Sampo Kuutti, Richard Bowden, Saber Fallah (2021)Weakly Supervised Reinforcement Learning for Autonomous Highway Driving via Virtual Safety Cages, In: Sensors (Basel, Switzerland)21(6)2032 MDPI

The use of neural networks and reinforcement learning has become increasingly popular in autonomous vehicle control. However, the opaqueness of the resulting control policies presents a significant barrier to deploying neural network-based control in autonomous vehicles. In this paper, we present a reinforcement learning based approach to autonomous vehicle longitudinal control, where the rule-based safety cages provide enhanced safety for the vehicle as well as weak supervision to the reinforcement learning agent. By guiding the agent to meaningful states and actions, this weak supervision improves the convergence during training and enhances the safety of the final trained policy. This rule-based supervisory controller has the further advantage of being fully interpretable, thereby enabling traditional validation and verification approaches to ensure the safety of the vehicle. We compare models with and without safety cages, as well as models with optimal and constrained model parameters, and show that the weak supervision consistently improves the safety of exploration, speed of convergence, and model performance. Additionally, we show that when the model parameters are constrained or sub-optimal, the safety cages can enable a model to learn a safe driving policy even when the model could not be trained to drive through reinforcement learning alone.

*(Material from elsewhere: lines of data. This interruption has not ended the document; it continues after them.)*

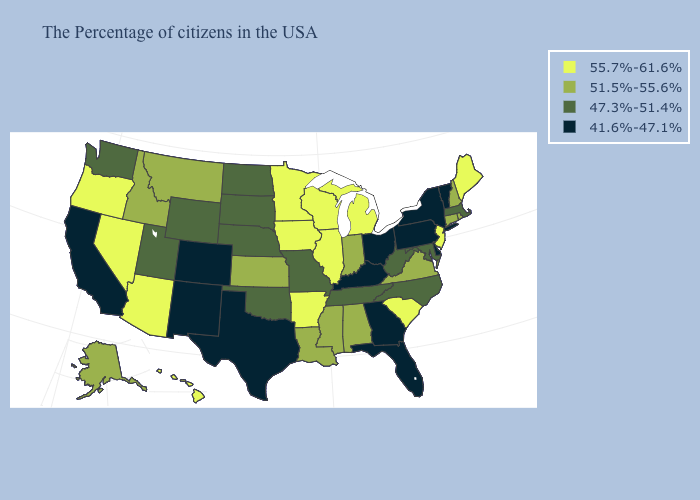What is the value of Kentucky?
Short answer required. 41.6%-47.1%. What is the value of Nebraska?
Concise answer only. 47.3%-51.4%. Does the map have missing data?
Be succinct. No. Name the states that have a value in the range 47.3%-51.4%?
Be succinct. Massachusetts, Maryland, North Carolina, West Virginia, Tennessee, Missouri, Nebraska, Oklahoma, South Dakota, North Dakota, Wyoming, Utah, Washington. Name the states that have a value in the range 47.3%-51.4%?
Answer briefly. Massachusetts, Maryland, North Carolina, West Virginia, Tennessee, Missouri, Nebraska, Oklahoma, South Dakota, North Dakota, Wyoming, Utah, Washington. What is the lowest value in the MidWest?
Be succinct. 41.6%-47.1%. What is the value of Maine?
Keep it brief. 55.7%-61.6%. Which states hav the highest value in the MidWest?
Be succinct. Michigan, Wisconsin, Illinois, Minnesota, Iowa. What is the value of Minnesota?
Quick response, please. 55.7%-61.6%. Which states have the lowest value in the West?
Write a very short answer. Colorado, New Mexico, California. Name the states that have a value in the range 47.3%-51.4%?
Keep it brief. Massachusetts, Maryland, North Carolina, West Virginia, Tennessee, Missouri, Nebraska, Oklahoma, South Dakota, North Dakota, Wyoming, Utah, Washington. Name the states that have a value in the range 51.5%-55.6%?
Give a very brief answer. Rhode Island, New Hampshire, Connecticut, Virginia, Indiana, Alabama, Mississippi, Louisiana, Kansas, Montana, Idaho, Alaska. Does West Virginia have the lowest value in the South?
Quick response, please. No. Name the states that have a value in the range 51.5%-55.6%?
Concise answer only. Rhode Island, New Hampshire, Connecticut, Virginia, Indiana, Alabama, Mississippi, Louisiana, Kansas, Montana, Idaho, Alaska. Does Ohio have the lowest value in the USA?
Be succinct. Yes. 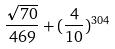Convert formula to latex. <formula><loc_0><loc_0><loc_500><loc_500>\frac { \sqrt { 7 0 } } { 4 6 9 } + ( \frac { 4 } { 1 0 } ) ^ { 3 0 4 }</formula> 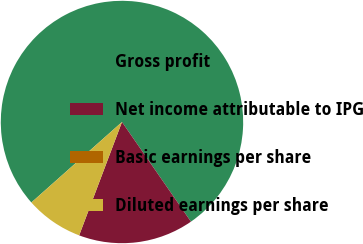<chart> <loc_0><loc_0><loc_500><loc_500><pie_chart><fcel>Gross profit<fcel>Net income attributable to IPG<fcel>Basic earnings per share<fcel>Diluted earnings per share<nl><fcel>76.92%<fcel>15.38%<fcel>0.0%<fcel>7.69%<nl></chart> 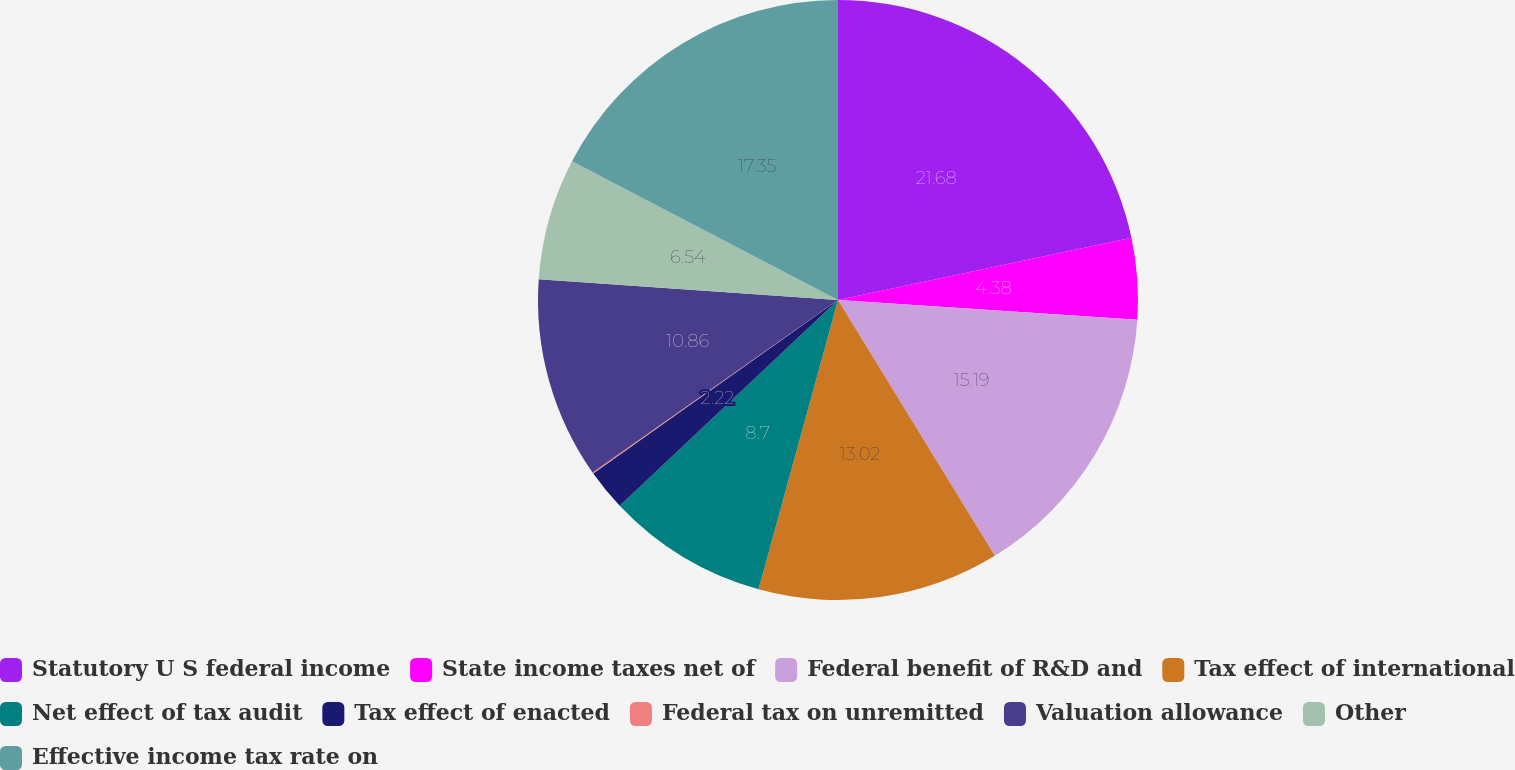Convert chart. <chart><loc_0><loc_0><loc_500><loc_500><pie_chart><fcel>Statutory U S federal income<fcel>State income taxes net of<fcel>Federal benefit of R&D and<fcel>Tax effect of international<fcel>Net effect of tax audit<fcel>Tax effect of enacted<fcel>Federal tax on unremitted<fcel>Valuation allowance<fcel>Other<fcel>Effective income tax rate on<nl><fcel>21.67%<fcel>4.38%<fcel>15.19%<fcel>13.02%<fcel>8.7%<fcel>2.22%<fcel>0.06%<fcel>10.86%<fcel>6.54%<fcel>17.35%<nl></chart> 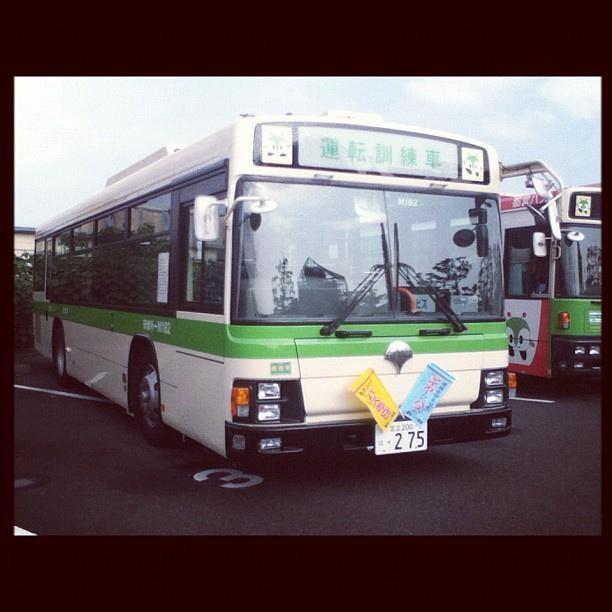How many buses are in the picture?
Give a very brief answer. 2. How many blue bicycles are there?
Give a very brief answer. 0. 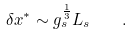<formula> <loc_0><loc_0><loc_500><loc_500>\delta x ^ { \ast } \sim g _ { s } ^ { \frac { 1 } { 3 } } L _ { s } \quad .</formula> 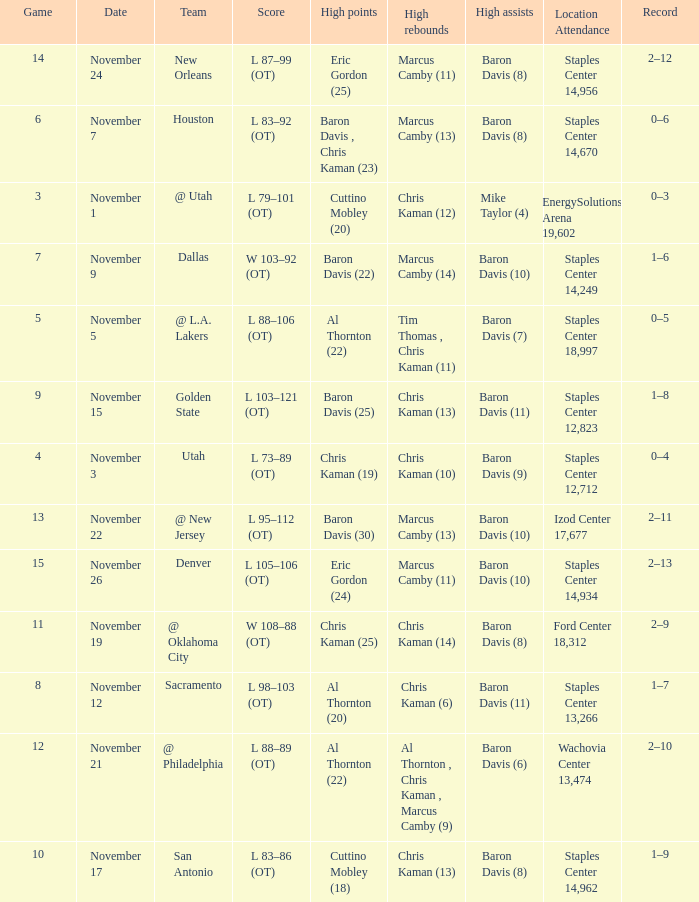Name the high assists for  l 98–103 (ot) Baron Davis (11). 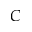Convert formula to latex. <formula><loc_0><loc_0><loc_500><loc_500>C</formula> 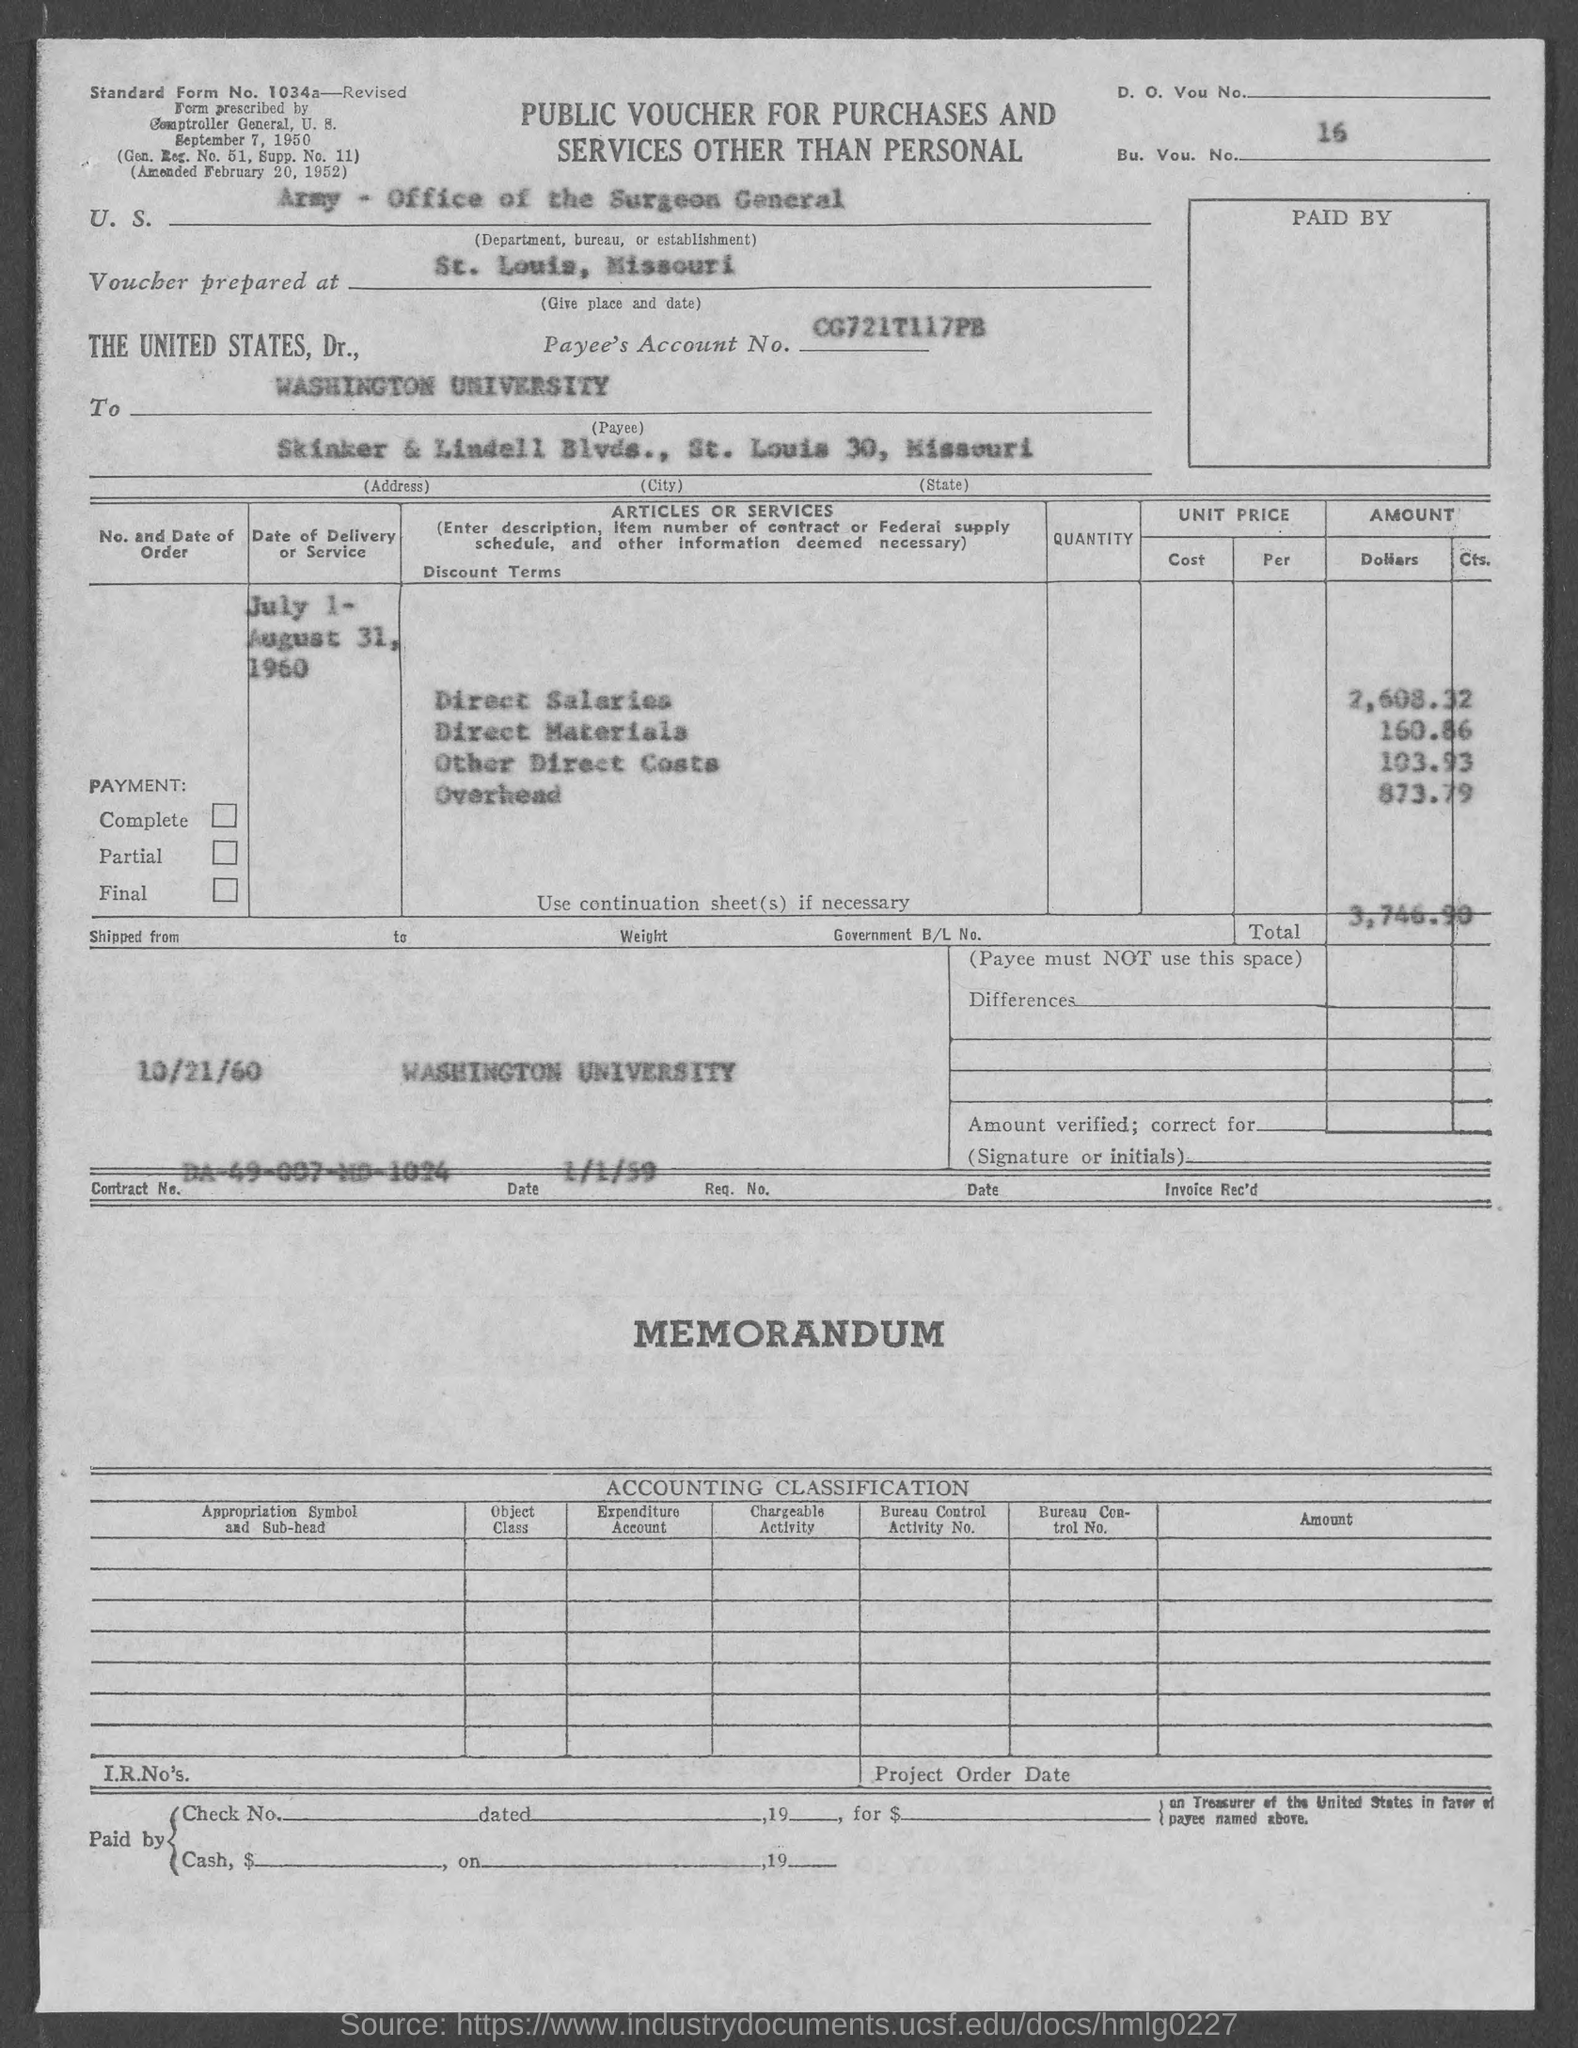What is the value of "Direct Salaries"?
Provide a succinct answer. 2,608.32. What is the value of "Direct Materials"?
Provide a succinct answer. 160.86. What is the value of " Other Direct Costs"?
Your response must be concise. 103.93. What is the value of "Overhead"?
Your answer should be compact. 873.79. What is the total cost?
Make the answer very short. 3,746.90. 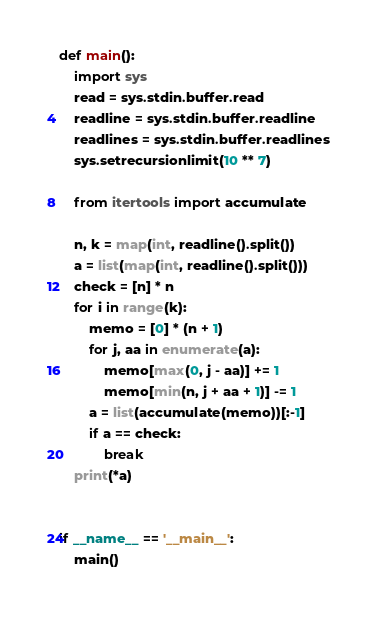<code> <loc_0><loc_0><loc_500><loc_500><_Python_>def main():
    import sys
    read = sys.stdin.buffer.read
    readline = sys.stdin.buffer.readline
    readlines = sys.stdin.buffer.readlines
    sys.setrecursionlimit(10 ** 7)
    
    from itertools import accumulate

    n, k = map(int, readline().split())
    a = list(map(int, readline().split()))
    check = [n] * n
    for i in range(k):
        memo = [0] * (n + 1)
        for j, aa in enumerate(a):
            memo[max(0, j - aa)] += 1
            memo[min(n, j + aa + 1)] -= 1
        a = list(accumulate(memo))[:-1]
        if a == check:
            break
    print(*a)


if __name__ == '__main__':
    main()
</code> 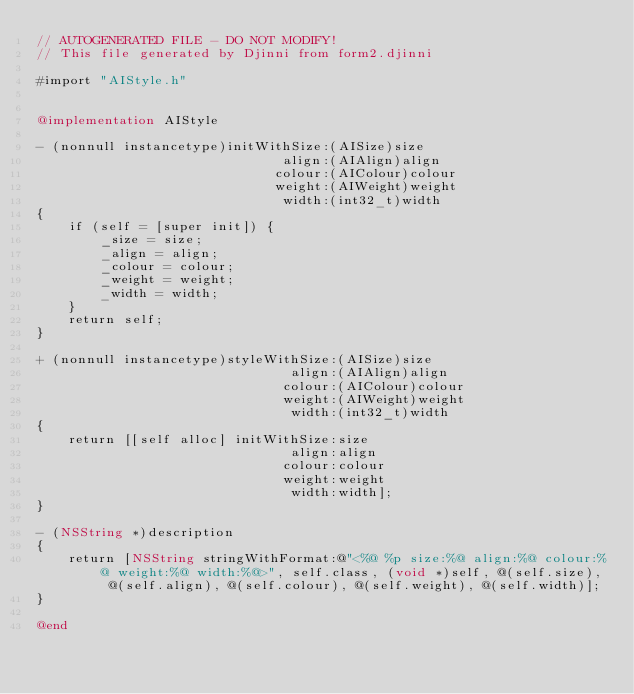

Sampo Kuutti, Richard Bowden, Harita Joshi, Robert de Temple, Saber Fallah (2019)Safe Deep Neural Network-driven Autonomous Vehicles Using Software Safety Cages, In: Proceedings of the 20th International Conference on Intelligent Data Engineering and Automated Learning (IDEAL 2019) Springer International Publishing

Deep learning is a promising class of techniques for controlling an autonomous vehicle. However, functional safety validation is seen as a critical issue for these systems due to the lack of transparency in deep neural networks and the safety-critical nature of autonomous vehicles. The black box nature of deep neural networks limits the effectiveness of traditional verification and validation methods. In this paper, we propose two software safety cages, which aim to limit the control action of the neural network to a safe operational envelope. The safety cages impose limits on the control action during critical scenarios, which if breached, change the control action to a more conservative value. This has the benefit that the behaviour of the safety cages is interpretable, and therefore traditional functional safety validation techniques can be applied. The work here presents a deep neural network trained for longitudinal vehicle control, with safety cages designed to prevent forward collisions. Simulated testing in critical scenarios shows the effectiveness of the safety cages in preventing forward collisions whilst under normal highway driving unnecessary interruptions are eliminated, and the deep learning control policy is able to perform unhindered. Interventions by the safety cages are also used to re-train the network, resulting in a more robust control policy.